§ Aim of the task
Please write out all of the entries without altering anything.

Entries shown START

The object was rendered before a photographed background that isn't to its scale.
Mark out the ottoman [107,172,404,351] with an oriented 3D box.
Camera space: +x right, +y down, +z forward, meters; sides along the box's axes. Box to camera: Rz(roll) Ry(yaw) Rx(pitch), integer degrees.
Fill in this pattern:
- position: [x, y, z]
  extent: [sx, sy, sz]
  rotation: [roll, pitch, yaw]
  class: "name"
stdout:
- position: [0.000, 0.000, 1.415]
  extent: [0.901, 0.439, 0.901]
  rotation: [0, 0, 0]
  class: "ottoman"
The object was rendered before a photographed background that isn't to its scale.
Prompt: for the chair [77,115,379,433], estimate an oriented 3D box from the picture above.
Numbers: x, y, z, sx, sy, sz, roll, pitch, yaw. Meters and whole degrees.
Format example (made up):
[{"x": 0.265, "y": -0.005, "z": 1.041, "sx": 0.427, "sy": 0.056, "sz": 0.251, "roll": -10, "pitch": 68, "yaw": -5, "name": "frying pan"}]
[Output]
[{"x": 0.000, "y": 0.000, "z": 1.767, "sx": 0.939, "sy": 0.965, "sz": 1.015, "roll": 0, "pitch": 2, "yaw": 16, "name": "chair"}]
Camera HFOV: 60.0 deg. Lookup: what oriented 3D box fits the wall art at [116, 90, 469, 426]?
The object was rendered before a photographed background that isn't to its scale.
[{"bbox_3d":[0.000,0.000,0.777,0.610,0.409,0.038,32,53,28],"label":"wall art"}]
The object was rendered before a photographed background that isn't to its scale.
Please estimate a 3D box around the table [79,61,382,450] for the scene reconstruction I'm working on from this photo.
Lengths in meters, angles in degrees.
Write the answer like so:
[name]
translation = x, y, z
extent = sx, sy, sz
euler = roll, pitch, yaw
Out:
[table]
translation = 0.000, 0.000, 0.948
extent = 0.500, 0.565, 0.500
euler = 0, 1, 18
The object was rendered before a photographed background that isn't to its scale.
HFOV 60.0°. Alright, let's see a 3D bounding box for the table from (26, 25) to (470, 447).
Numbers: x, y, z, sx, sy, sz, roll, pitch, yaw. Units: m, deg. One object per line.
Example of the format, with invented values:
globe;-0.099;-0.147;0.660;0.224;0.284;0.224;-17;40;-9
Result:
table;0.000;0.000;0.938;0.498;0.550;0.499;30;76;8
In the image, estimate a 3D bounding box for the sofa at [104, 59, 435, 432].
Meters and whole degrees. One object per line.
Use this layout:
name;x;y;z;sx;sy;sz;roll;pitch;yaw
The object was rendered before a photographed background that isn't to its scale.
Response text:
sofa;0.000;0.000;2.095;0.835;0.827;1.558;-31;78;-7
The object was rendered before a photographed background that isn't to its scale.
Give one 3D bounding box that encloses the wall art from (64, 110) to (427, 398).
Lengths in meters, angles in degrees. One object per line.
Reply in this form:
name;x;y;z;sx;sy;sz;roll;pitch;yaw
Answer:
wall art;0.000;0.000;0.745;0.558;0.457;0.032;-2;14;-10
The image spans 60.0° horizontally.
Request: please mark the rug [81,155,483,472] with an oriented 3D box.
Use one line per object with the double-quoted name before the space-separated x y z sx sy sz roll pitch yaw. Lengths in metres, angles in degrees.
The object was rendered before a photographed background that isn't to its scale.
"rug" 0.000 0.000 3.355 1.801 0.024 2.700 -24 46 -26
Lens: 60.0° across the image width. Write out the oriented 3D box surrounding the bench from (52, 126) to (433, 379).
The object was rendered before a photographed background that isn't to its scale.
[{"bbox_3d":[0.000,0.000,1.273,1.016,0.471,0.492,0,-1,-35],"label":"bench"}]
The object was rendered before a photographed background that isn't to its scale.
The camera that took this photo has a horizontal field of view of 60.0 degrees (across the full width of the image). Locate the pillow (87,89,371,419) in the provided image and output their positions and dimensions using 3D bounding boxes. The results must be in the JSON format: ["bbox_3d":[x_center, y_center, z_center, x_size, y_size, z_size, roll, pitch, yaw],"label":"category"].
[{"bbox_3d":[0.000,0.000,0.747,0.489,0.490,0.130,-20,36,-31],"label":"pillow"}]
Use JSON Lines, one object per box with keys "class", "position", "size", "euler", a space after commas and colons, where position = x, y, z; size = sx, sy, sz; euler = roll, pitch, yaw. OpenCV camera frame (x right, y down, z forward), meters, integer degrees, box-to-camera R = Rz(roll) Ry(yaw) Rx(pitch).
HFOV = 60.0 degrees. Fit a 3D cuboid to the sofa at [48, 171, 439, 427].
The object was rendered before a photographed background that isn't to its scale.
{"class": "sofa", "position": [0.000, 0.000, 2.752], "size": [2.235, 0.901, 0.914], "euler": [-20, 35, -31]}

Entries shown END

§ Written answer
The object was rendered before a photographed background that isn't to its scale.
Mark out the ottoman [107,172,404,351] with an oriented 3D box.
Camera space: +x right, +y down, +z forward, meters; sides along the box's axes. Box to camera: Rz(roll) Ry(yaw) Rx(pitch), integer degrees.
Fill in this pattern:
- position: [x, y, z]
  extent: [sx, sy, sz]
  rotation: [roll, pitch, yaw]
  class: "name"
stdout:
- position: [0.000, 0.000, 1.415]
  extent: [0.901, 0.439, 0.901]
  rotation: [0, 0, 0]
  class: "ottoman"
The object was rendered before a photographed background that isn't to its scale.
Prompt: for the chair [77,115,379,433], estimate an oriented 3D box from the picture above.
Numbers: x, y, z, sx, sy, sz, roll, pitch, yaw. Meters and whole degrees.
Format example (made up):
[{"x": 0.265, "y": -0.005, "z": 1.041, "sx": 0.427, "sy": 0.056, "sz": 0.251, "roll": -10, "pitch": 68, "yaw": -5, "name": "frying pan"}]
[Output]
[{"x": 0.000, "y": 0.000, "z": 1.767, "sx": 0.939, "sy": 0.965, "sz": 1.015, "roll": 0, "pitch": 2, "yaw": 16, "name": "chair"}]
Camera HFOV: 60.0 deg. Lookup: what oriented 3D box fits the wall art at [116, 90, 469, 426]?
The object was rendered before a photographed background that isn't to its scale.
[{"bbox_3d":[0.000,0.000,0.777,0.610,0.409,0.038,32,53,28],"label":"wall art"}]
The object was rendered before a photographed background that isn't to its scale.
Please estimate a 3D box around the table [79,61,382,450] for the scene reconstruction I'm working on from this photo.
Lengths in meters, angles in degrees.
Write the answer like so:
[name]
translation = x, y, z
extent = sx, sy, sz
euler = roll, pitch, yaw
Out:
[table]
translation = 0.000, 0.000, 0.948
extent = 0.500, 0.565, 0.500
euler = 0, 1, 18
The object was rendered before a photographed background that isn't to its scale.
HFOV 60.0°. Alright, let's see a 3D bounding box for the table from (26, 25) to (470, 447).
Numbers: x, y, z, sx, sy, sz, roll, pitch, yaw. Units: m, deg. One object per line.
Example of the format, with invented values:
globe;-0.099;-0.147;0.660;0.224;0.284;0.224;-17;40;-9
Result:
table;0.000;0.000;0.938;0.498;0.550;0.499;30;76;8
In the image, estimate a 3D bounding box for the sofa at [104, 59, 435, 432].
Meters and whole degrees. One object per line.
Use this layout:
name;x;y;z;sx;sy;sz;roll;pitch;yaw
The object was rendered before a photographed background that isn't to its scale.
Response text:
sofa;0.000;0.000;2.095;0.835;0.827;1.558;-31;78;-7
The object was rendered before a photographed background that isn't to its scale.
Give one 3D bounding box that encloses the wall art from (64, 110) to (427, 398).
Lengths in meters, angles in degrees. One object per line.
Reply in this form:
name;x;y;z;sx;sy;sz;roll;pitch;yaw
Answer:
wall art;0.000;0.000;0.745;0.558;0.457;0.032;-2;14;-10
The image spans 60.0° horizontally.
Request: please mark the rug [81,155,483,472] with an oriented 3D box.
Use one line per object with the double-quoted name before the space-separated x y z sx sy sz roll pitch yaw. Lengths in metres, angles in degrees.
The object was rendered before a photographed background that isn't to its scale.
"rug" 0.000 0.000 3.355 1.801 0.024 2.700 -24 46 -26
Lens: 60.0° across the image width. Write out the oriented 3D box surrounding the bench from (52, 126) to (433, 379).
The object was rendered before a photographed background that isn't to its scale.
[{"bbox_3d":[0.000,0.000,1.273,1.016,0.471,0.492,0,-1,-35],"label":"bench"}]
The object was rendered before a photographed background that isn't to its scale.
The camera that took this photo has a horizontal field of view of 60.0 degrees (across the full width of the image). Locate the pillow (87,89,371,419) in the provided image and output their positions and dimensions using 3D bounding boxes. The results must be in the JSON format: ["bbox_3d":[x_center, y_center, z_center, x_size, y_size, z_size, roll, pitch, yaw],"label":"category"].
[{"bbox_3d":[0.000,0.000,0.747,0.489,0.490,0.130,-20,36,-31],"label":"pillow"}]
Use JSON Lines, one object per box with keys "class", "position", "size", "euler", a space after commas and colons, where position = x, y, z; size = sx, sy, sz; euler = roll, pitch, yaw. OpenCV camera frame (x right, y down, z forward), meters, integer degrees, box-to-camera R = Rz(roll) Ry(yaw) Rx(pitch).
HFOV = 60.0 degrees. Fit a 3D cuboid to the sofa at [48, 171, 439, 427].
The object was rendered before a photographed background that isn't to its scale.
{"class": "sofa", "position": [0.000, 0.000, 2.752], "size": [2.235, 0.901, 0.914], "euler": [-20, 35, -31]}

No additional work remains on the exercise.